Как он взъярился, закричал, дьявол бешеный, с кулаками набросился, в карцере грозился сгноить, но я ему только в лицо рассмеялся, не зря ведь в народе говорят: от тюрьмы да от сумы не зарекайся, а родну маменьку не забывай. Я-то, идиот, ягодку какую-то в голове держал всю жизнь, а маменьку забыл. Ну да нынче, шалишь, и кулаком из меня не выбьешь. Молчу, разбитыми губами усмехаюсь, как он орёт, что, мол, нет у меня маменьки и не было никогда, а был папенька, и этот папенька — он сам. Здрасьте вам, приехали, тюремщик в родню набивается. Вот чурка стоеросовая. Всем давно известно, что папеньки у меня сроду не было, а была только маменька, святая женщина.
В камеру поместили. На окнах решётки железные. Кругом стеллажи с книгами, совсем как прежняя моя комната, где жил я с маменькой. Какие-то прохиндеи подменили книги, подсунули на неизвестных языках написанные, да и языков таких на свете нет, то ли я английского с немецким не знаю? Пробовал читать, хоть бы слово одно разобрал. Сбросил их на пол и стал топтаться сверху, чтобы неповадно было меня обманывать. Надзиратель снова ворвался, раскричался, растолкался. Плюнул я на всё, решил сам себе написать роман века о гвардии майоре Петровиче.

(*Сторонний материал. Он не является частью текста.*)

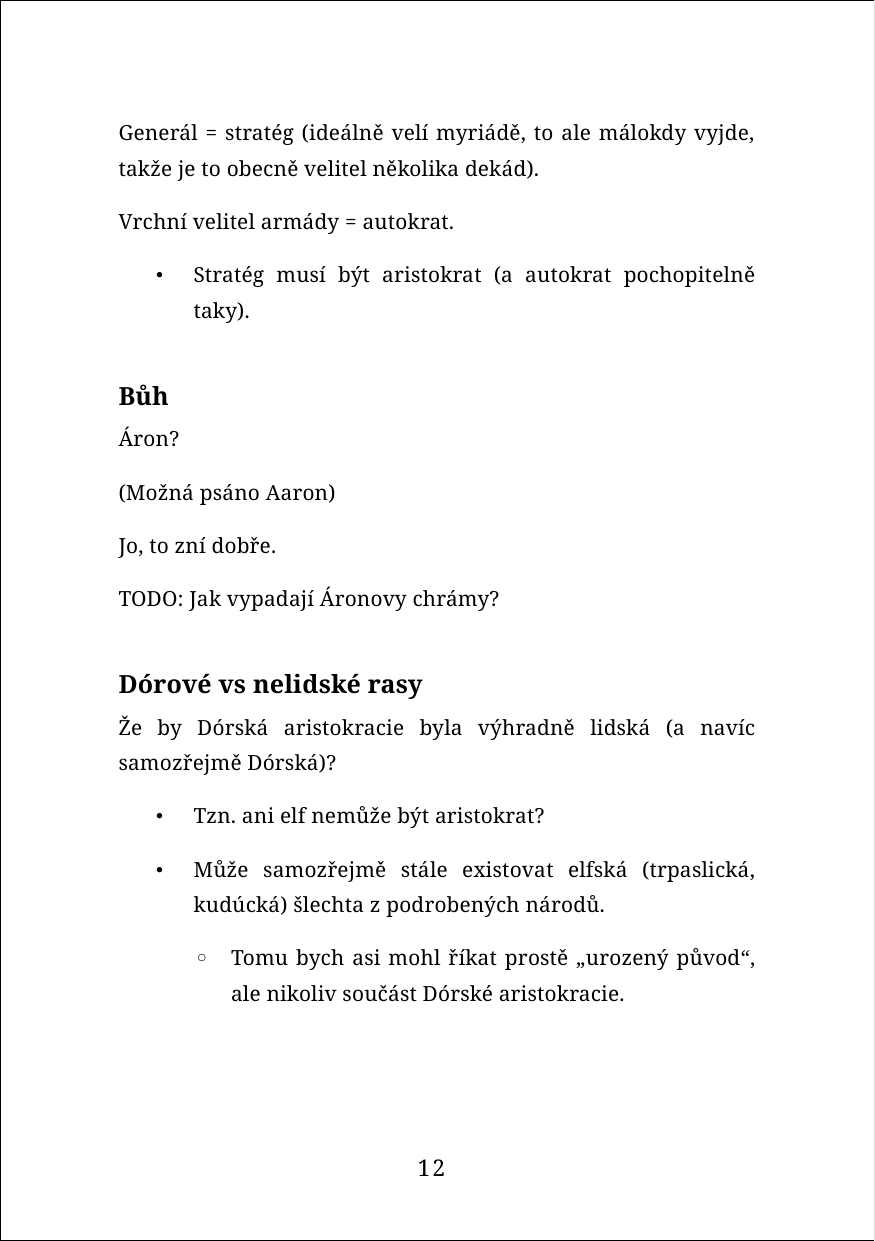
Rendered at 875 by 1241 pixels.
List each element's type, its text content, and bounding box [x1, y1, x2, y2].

text Generál = stratég (ideálně velí myriádě, to ale málokdy vyjde, takže je to obecně velitel několika dekád). [118, 118, 756, 182]
text (Možná psáno Aaron) [118, 478, 756, 506]
text TODO: Jak vypadají Áronovy chrámy? [118, 584, 756, 612]
text Jo, to zní dobře. [118, 531, 756, 559]
text Že by Dórská aristokracie byla výhradně lidská (a navíc samozřejmě Dórská)? [118, 713, 756, 777]
subtitle Dórové vs nelidské rasy [118, 667, 756, 701]
list Tzn. ani elf nemůže být aristokrat? [156, 801, 756, 830]
text Vrchní velitel armády = autokrat. [118, 207, 756, 235]
text Áron? [118, 424, 756, 453]
list Stratég musí být aristokrat (a autokrat pochopitelně taky). [156, 260, 756, 324]
subtitle Bůh [118, 378, 756, 413]
list Může samozřejmě stále existovat elfská (trpaslická, kudúcká) šlechta z podrobených národů. [156, 855, 756, 919]
list Tomu bych asi mohl říkat prostě „urozený původ“, ale nikoliv součást Dórské aristokracie. [193, 943, 756, 1007]
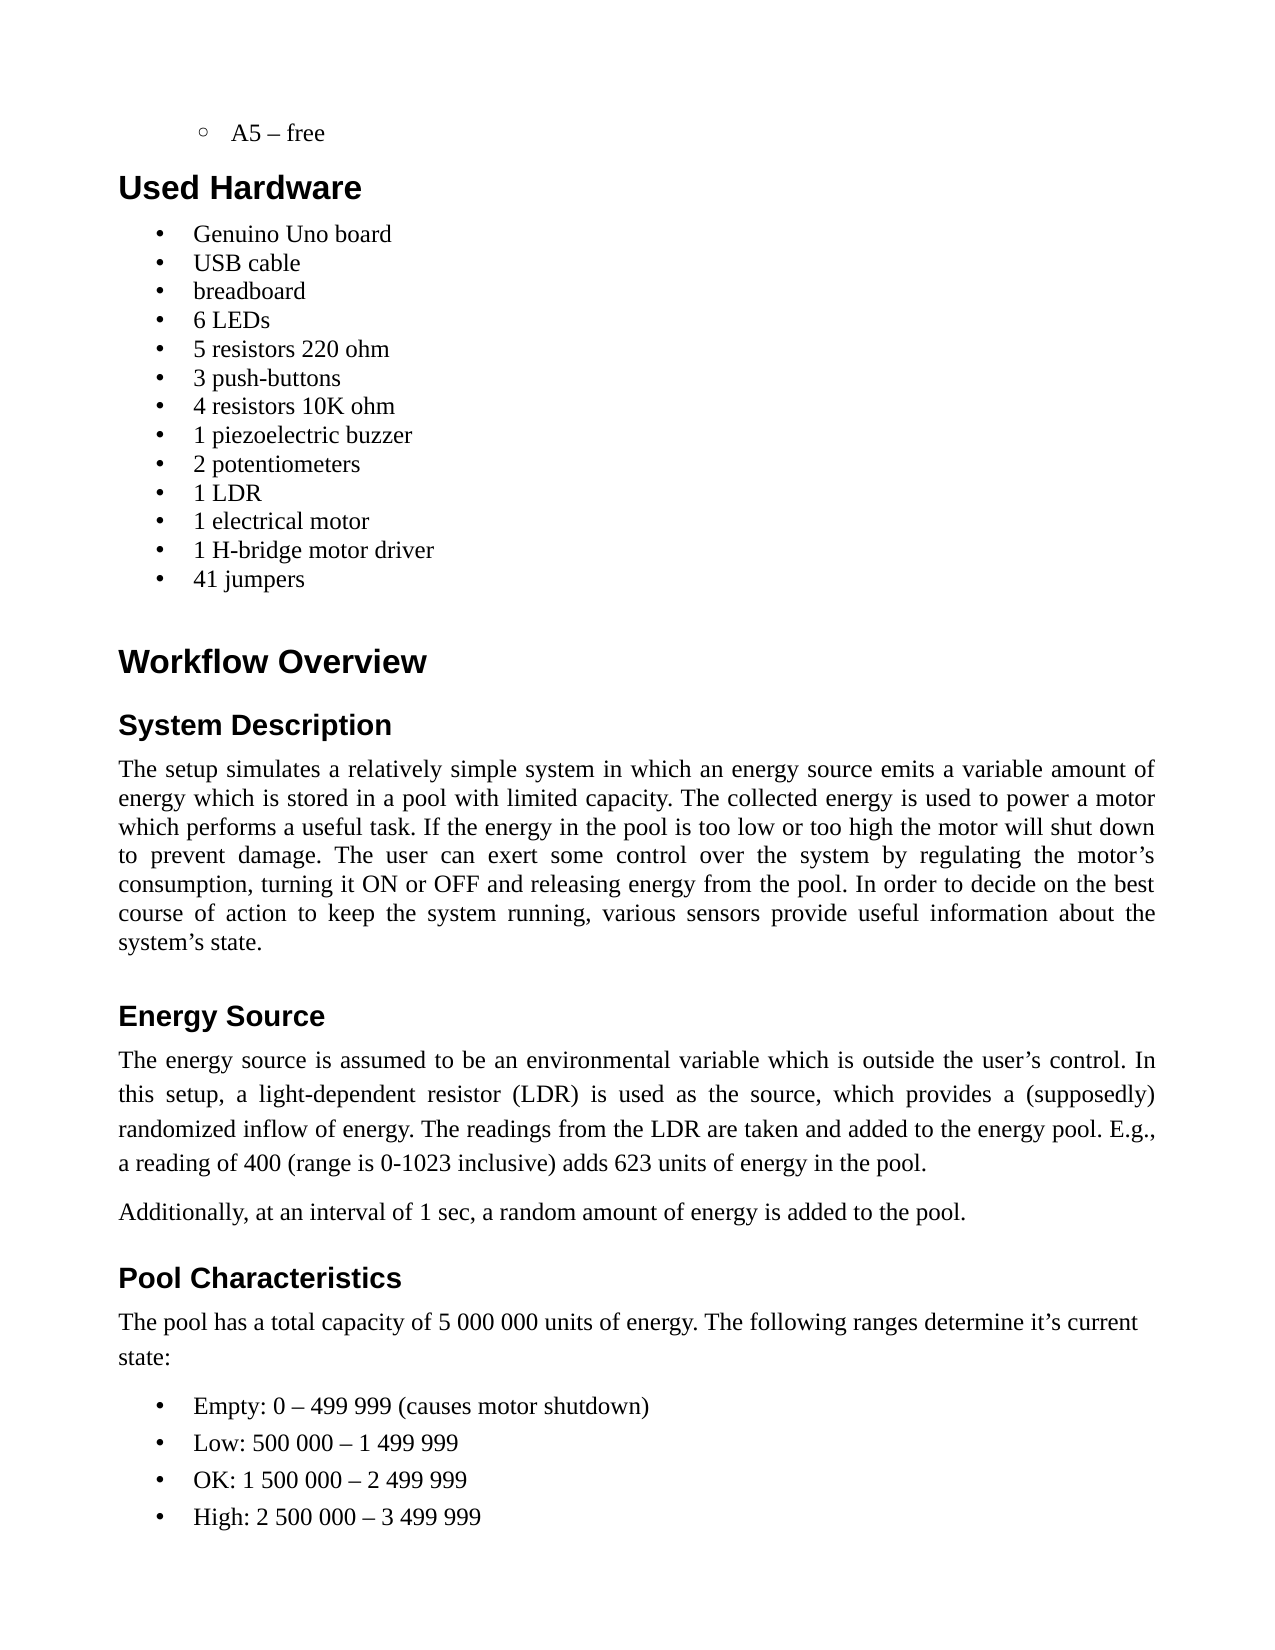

Почувствовав необыкновенный прилив сил, сел за стол, взял карандаш, бумагу и принялся строчить с бешеной скоростью. Тотчас придурошный нарисовался; бегает кругом, чему-то радуется, хлопочет, авторучку предлагает, но я его проигнорировал, конечно. Бальзак за ночь исписывал двадцать страниц, я тотчас тридцать намарал в блестящем стиле, потом все порвал, порвал, порвал на мелкие кусочки и вверх подбросил — пошёл снег забвения.
Маменька намедни меня навещала. Мы с ней вели долгую успокоительную беседу, я немного поплакал от счастья. Надзиратель страшно ругается и рукам волю даёт. Врезал ему хорошенько, от души, чтобы знал, свинья в ермолке: ежели я диссидент, это ещё не значит, что лупить меня надо ежедневно. Теперь за дверью стоит и всякую ерунду собирает, всякую всячину; будто, к примеру, маменька моя от меня отказалась, или что папаша был маньяком-насильником и убийцей. «Хотел тебя воспитать по Макаренко, — кричит, — человеком вырастить, жизнь на тебя положил… да всё зря, зря».
А я в ответ: «Чего, дяденька, вы до старости в надзирателях трётесь, из тюрьмы на покой не уходите? Пенсии не хватает? Или скупердяйство заело? Жизнь провели вы в тюрьме, в тюрьме и помрёте!». Решил больше его совсем не замечать. Пускай себе бесится. На улице, кстати, какой день чёрт-те что творится: утром вроде лето, вечером листья жёлтые, ночью снег валит, всё перепуталось в природе, экологический кризис, наверное, наступил.